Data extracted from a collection
********

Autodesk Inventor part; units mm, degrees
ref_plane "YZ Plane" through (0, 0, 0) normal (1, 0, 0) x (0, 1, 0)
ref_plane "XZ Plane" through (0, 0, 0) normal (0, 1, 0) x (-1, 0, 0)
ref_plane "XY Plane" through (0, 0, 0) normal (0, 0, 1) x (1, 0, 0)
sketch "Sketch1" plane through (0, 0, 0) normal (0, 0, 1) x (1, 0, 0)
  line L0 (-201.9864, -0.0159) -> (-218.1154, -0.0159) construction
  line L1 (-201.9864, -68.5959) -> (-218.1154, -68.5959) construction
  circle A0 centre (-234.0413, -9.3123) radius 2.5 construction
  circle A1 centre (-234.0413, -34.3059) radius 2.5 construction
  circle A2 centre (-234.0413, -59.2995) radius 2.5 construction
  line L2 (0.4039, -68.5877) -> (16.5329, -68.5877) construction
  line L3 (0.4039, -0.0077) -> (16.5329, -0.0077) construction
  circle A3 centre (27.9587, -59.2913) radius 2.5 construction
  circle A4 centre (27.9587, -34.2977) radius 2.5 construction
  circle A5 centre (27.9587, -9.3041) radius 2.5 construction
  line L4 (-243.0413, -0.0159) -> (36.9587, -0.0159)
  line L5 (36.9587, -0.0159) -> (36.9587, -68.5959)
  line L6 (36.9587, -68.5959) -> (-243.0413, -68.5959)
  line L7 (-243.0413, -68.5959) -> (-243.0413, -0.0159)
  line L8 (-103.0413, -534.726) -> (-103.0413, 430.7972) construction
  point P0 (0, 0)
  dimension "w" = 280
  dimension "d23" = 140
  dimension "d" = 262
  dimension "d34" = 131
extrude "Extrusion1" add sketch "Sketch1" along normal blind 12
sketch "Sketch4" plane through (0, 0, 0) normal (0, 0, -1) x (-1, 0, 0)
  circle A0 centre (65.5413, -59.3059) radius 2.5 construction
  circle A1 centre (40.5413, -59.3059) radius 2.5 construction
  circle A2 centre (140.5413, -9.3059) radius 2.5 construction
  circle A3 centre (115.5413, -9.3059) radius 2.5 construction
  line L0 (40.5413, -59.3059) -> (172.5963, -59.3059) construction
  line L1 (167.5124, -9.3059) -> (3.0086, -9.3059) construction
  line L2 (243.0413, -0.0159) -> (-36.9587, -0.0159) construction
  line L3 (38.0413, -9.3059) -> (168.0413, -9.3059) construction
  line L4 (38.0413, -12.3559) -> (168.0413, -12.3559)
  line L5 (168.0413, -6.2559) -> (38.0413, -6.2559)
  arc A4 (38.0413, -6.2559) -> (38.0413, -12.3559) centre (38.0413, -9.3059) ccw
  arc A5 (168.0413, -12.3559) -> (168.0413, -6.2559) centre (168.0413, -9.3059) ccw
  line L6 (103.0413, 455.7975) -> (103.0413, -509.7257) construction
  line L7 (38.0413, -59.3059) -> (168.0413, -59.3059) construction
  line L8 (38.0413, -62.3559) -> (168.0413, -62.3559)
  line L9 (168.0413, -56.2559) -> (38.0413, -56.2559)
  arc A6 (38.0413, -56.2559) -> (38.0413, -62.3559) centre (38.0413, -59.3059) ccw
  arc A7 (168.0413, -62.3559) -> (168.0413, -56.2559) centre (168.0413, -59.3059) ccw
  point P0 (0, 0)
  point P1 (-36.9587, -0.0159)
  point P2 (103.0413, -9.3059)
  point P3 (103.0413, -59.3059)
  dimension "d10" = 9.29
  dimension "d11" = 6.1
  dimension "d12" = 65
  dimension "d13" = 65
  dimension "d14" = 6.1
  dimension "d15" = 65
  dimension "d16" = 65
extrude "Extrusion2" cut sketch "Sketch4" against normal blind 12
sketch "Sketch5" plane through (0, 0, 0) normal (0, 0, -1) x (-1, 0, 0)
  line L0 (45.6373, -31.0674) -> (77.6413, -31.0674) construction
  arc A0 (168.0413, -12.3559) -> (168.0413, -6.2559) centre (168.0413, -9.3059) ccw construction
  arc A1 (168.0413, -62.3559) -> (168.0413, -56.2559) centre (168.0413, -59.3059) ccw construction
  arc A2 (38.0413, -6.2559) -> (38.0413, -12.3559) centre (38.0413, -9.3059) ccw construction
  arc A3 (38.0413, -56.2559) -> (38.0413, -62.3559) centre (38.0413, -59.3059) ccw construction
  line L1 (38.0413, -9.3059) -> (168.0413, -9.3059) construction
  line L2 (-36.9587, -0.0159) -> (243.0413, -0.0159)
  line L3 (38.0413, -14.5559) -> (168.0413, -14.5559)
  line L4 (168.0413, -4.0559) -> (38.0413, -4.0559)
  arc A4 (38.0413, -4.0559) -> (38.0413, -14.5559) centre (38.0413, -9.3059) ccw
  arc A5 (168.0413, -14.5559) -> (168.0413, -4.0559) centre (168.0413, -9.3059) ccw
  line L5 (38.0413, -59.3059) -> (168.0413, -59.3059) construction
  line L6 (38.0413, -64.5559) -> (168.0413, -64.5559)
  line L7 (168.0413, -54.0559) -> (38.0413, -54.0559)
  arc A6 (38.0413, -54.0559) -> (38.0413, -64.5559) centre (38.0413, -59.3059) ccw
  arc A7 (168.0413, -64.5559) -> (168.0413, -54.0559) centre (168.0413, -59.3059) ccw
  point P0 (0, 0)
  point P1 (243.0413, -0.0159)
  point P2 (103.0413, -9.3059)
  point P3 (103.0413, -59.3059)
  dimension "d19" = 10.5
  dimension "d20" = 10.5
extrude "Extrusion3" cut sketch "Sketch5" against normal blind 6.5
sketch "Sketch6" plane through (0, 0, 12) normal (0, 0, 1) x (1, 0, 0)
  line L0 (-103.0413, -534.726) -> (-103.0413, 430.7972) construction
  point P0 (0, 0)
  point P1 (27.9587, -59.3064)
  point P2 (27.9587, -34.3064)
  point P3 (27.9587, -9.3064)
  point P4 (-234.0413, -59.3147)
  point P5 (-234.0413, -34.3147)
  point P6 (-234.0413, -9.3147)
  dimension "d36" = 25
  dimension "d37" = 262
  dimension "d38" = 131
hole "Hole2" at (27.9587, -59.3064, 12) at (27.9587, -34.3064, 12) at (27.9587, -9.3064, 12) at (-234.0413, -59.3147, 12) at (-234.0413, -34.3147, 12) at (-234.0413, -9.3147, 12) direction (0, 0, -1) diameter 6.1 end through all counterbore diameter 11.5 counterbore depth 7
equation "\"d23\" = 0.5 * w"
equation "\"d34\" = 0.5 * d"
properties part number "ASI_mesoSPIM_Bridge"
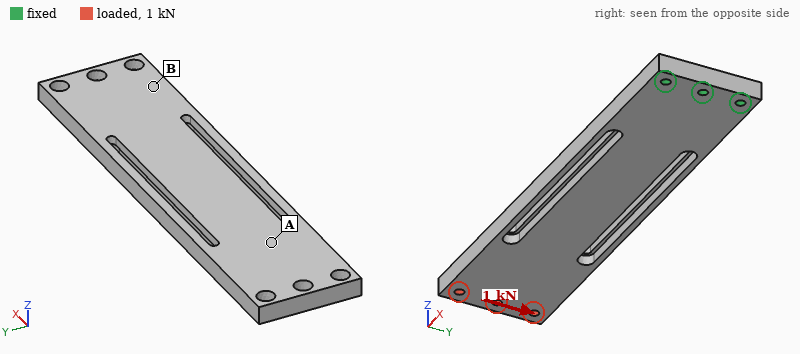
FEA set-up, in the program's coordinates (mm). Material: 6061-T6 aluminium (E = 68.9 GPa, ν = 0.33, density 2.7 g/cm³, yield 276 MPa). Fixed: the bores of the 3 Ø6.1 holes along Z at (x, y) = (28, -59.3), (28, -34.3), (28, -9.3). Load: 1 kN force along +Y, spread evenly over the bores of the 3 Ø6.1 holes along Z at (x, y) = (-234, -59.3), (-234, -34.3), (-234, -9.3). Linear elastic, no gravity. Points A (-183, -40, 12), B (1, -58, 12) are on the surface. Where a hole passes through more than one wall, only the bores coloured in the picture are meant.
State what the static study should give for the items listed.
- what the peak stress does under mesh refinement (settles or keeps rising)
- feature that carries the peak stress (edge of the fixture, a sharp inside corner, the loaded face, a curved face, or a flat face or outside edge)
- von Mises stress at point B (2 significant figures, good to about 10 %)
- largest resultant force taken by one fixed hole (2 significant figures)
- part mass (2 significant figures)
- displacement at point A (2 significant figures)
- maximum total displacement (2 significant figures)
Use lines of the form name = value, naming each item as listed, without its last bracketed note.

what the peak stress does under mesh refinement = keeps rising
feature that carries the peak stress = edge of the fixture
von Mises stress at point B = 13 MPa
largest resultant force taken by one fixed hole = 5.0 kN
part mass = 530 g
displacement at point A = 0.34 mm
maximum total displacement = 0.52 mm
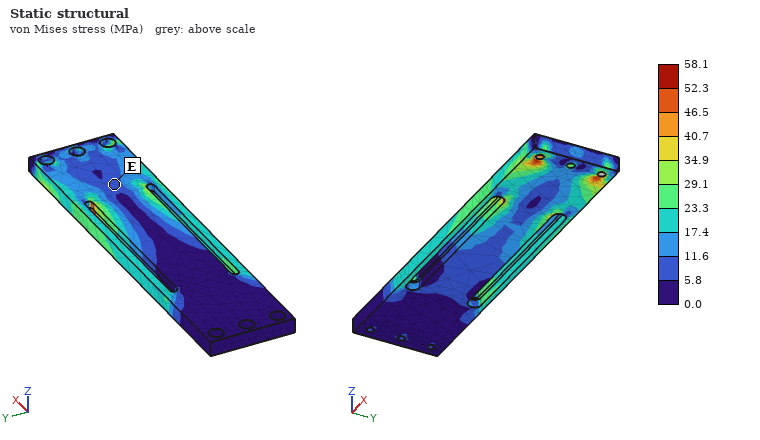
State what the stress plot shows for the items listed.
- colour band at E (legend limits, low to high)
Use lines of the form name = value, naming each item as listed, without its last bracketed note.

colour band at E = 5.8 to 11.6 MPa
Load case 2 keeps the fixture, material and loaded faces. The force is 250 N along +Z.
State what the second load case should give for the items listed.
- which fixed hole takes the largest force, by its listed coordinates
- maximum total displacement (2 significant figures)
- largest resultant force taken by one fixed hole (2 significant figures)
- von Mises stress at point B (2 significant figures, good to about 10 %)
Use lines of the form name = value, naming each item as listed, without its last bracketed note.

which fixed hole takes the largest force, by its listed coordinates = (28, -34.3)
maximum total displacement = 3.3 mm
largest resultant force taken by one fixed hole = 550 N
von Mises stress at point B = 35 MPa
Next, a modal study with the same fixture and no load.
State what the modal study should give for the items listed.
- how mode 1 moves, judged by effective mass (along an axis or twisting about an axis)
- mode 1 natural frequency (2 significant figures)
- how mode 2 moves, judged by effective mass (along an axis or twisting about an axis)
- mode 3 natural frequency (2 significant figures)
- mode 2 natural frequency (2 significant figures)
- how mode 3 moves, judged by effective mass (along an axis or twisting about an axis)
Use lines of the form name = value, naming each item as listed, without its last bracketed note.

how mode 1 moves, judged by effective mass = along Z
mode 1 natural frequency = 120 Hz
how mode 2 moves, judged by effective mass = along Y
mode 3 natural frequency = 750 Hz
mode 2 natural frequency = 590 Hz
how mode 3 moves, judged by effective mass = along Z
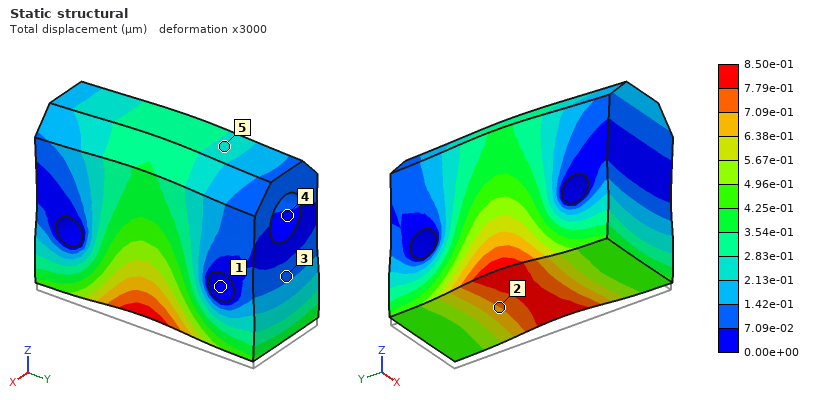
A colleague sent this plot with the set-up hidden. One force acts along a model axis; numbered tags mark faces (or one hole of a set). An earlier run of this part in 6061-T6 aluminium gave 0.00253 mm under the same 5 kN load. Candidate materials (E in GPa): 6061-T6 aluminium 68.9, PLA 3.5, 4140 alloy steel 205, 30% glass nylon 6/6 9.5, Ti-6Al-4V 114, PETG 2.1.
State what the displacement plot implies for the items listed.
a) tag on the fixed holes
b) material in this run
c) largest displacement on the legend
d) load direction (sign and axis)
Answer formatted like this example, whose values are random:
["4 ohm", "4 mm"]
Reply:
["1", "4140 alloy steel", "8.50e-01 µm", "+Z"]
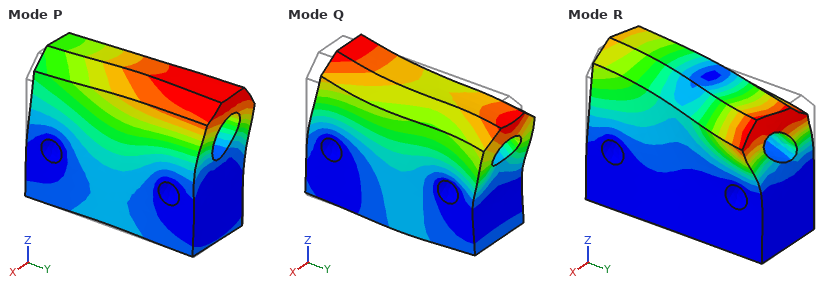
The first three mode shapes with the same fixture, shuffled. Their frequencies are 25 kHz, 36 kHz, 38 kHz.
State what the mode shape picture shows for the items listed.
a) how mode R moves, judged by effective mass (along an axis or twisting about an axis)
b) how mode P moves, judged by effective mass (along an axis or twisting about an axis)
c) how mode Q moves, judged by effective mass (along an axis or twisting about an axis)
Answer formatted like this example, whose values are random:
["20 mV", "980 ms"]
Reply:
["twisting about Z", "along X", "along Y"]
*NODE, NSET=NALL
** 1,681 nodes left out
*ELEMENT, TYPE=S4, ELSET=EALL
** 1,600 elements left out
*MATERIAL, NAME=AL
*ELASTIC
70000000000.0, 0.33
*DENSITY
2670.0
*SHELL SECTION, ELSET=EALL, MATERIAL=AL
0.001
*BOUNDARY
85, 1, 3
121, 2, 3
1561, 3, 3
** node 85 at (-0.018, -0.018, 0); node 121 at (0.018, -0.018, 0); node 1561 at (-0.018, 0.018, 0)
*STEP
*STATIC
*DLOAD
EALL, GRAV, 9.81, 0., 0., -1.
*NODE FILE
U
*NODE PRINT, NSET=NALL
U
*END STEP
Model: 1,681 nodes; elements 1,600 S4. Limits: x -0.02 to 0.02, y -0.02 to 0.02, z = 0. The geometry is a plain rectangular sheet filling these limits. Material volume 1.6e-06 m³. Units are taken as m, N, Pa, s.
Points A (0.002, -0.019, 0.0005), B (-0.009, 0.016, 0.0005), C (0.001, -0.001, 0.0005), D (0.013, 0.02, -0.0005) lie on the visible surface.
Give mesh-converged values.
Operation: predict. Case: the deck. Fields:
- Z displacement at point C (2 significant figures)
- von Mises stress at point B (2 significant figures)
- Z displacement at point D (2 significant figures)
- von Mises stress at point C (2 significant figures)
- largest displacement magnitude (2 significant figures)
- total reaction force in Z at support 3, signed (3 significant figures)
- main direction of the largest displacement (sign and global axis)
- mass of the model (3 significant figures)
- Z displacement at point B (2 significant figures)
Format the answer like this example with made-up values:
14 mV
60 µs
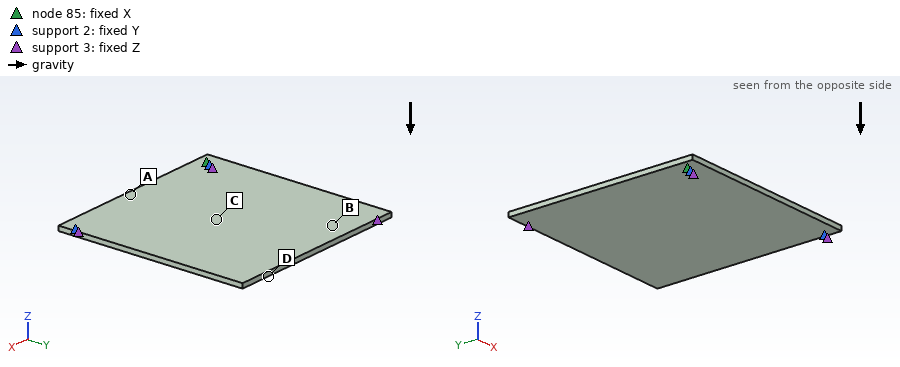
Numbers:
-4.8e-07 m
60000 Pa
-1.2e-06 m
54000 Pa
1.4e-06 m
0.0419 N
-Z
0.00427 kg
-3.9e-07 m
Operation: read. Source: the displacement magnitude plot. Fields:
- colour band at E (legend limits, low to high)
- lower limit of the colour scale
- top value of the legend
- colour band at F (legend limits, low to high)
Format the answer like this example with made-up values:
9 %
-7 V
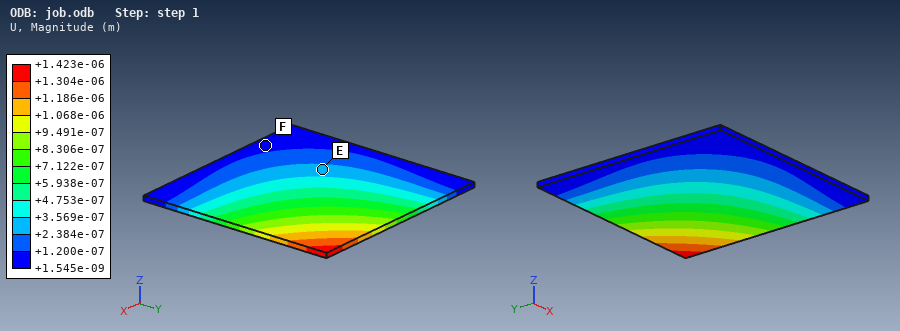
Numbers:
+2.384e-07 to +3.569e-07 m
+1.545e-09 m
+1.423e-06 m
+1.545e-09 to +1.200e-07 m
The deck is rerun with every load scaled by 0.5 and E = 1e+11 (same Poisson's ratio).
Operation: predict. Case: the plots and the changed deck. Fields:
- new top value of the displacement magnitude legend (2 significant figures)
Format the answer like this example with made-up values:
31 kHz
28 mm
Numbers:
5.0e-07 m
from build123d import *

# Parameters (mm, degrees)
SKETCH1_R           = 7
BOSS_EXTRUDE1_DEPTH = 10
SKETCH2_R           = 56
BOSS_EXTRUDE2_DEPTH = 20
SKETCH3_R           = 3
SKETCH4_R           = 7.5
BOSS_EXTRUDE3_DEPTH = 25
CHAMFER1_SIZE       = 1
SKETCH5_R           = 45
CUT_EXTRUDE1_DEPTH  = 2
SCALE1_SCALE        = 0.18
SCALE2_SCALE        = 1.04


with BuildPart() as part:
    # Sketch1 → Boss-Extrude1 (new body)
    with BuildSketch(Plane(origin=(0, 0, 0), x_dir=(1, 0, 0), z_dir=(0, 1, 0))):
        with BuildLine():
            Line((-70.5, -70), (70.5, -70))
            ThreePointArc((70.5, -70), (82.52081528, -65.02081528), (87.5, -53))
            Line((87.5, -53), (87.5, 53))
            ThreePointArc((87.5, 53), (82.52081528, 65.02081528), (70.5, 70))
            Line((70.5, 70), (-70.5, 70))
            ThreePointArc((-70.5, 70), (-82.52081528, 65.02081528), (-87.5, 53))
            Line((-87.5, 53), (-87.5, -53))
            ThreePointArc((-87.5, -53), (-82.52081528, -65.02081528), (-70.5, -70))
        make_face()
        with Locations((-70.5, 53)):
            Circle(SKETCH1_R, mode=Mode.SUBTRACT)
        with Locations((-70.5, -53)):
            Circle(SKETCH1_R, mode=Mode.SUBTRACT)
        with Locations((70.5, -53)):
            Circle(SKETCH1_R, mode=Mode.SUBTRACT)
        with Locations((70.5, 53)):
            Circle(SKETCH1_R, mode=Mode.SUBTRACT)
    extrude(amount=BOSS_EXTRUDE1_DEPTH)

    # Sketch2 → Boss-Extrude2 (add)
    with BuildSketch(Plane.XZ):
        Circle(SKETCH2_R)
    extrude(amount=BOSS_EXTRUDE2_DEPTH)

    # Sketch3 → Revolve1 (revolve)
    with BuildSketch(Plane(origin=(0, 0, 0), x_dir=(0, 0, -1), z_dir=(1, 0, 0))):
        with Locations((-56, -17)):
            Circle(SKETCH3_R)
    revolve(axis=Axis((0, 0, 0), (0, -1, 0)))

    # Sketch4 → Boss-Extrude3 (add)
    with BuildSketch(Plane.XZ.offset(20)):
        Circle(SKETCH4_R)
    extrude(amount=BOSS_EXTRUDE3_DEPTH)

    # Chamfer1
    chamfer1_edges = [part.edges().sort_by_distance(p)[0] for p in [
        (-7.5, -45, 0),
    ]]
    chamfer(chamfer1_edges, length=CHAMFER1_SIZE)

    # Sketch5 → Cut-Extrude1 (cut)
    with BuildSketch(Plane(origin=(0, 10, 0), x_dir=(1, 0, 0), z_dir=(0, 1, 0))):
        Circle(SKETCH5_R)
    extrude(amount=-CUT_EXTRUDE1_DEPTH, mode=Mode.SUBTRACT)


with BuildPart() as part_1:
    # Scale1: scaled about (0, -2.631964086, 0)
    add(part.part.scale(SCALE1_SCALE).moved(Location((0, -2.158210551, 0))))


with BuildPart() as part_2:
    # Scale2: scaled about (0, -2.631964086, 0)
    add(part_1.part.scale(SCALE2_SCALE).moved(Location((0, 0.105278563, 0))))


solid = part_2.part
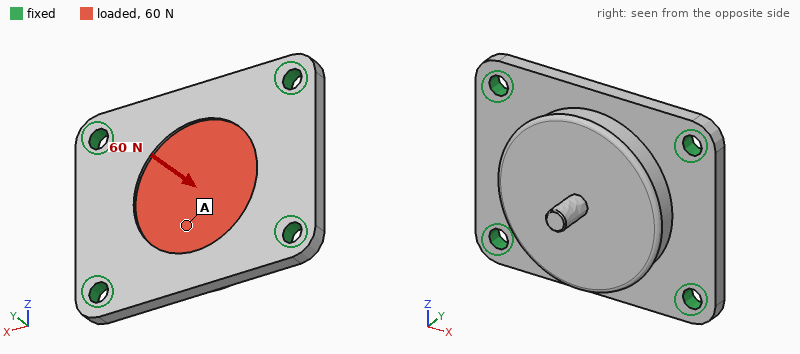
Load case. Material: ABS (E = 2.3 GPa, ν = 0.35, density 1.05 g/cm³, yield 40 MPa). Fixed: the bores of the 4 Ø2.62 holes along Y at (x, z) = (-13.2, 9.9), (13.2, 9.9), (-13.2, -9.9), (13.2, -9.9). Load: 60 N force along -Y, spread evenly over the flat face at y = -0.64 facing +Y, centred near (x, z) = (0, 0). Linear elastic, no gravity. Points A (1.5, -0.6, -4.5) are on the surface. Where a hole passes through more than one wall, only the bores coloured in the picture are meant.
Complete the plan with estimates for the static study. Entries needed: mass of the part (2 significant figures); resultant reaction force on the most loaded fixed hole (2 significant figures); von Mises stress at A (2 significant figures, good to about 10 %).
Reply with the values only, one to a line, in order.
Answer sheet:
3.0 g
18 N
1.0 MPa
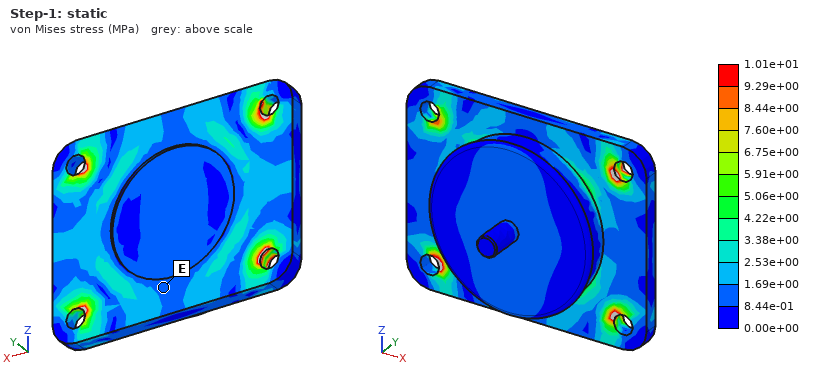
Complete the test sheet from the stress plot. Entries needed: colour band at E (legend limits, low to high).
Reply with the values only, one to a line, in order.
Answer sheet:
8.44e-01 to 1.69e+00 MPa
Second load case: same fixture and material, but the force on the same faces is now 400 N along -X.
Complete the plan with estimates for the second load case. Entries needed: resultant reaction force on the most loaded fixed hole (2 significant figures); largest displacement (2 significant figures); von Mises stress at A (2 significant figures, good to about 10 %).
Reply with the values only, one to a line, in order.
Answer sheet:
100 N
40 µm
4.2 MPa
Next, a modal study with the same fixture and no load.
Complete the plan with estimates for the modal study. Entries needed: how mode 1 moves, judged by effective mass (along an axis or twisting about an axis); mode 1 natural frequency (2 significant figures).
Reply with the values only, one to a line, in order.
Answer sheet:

********

Report, from the entries above, each line where "ThreePointArc" is found.

→ ANSWER BOX
            ThreePointArc((70.5, -70), (82.52081528, -65.02081528), (87.5, -53))
            ThreePointArc((87.5, 53), (82.52081528, 65.02081528), (70.5, 70))
            ThreePointArc((-70.5, 70), (-82.52081528, 65.02081528), (-87.5, 53))
            ThreePointArc((-87.5, -53), (-82.52081528, -65.02081528), (-70.5, -70))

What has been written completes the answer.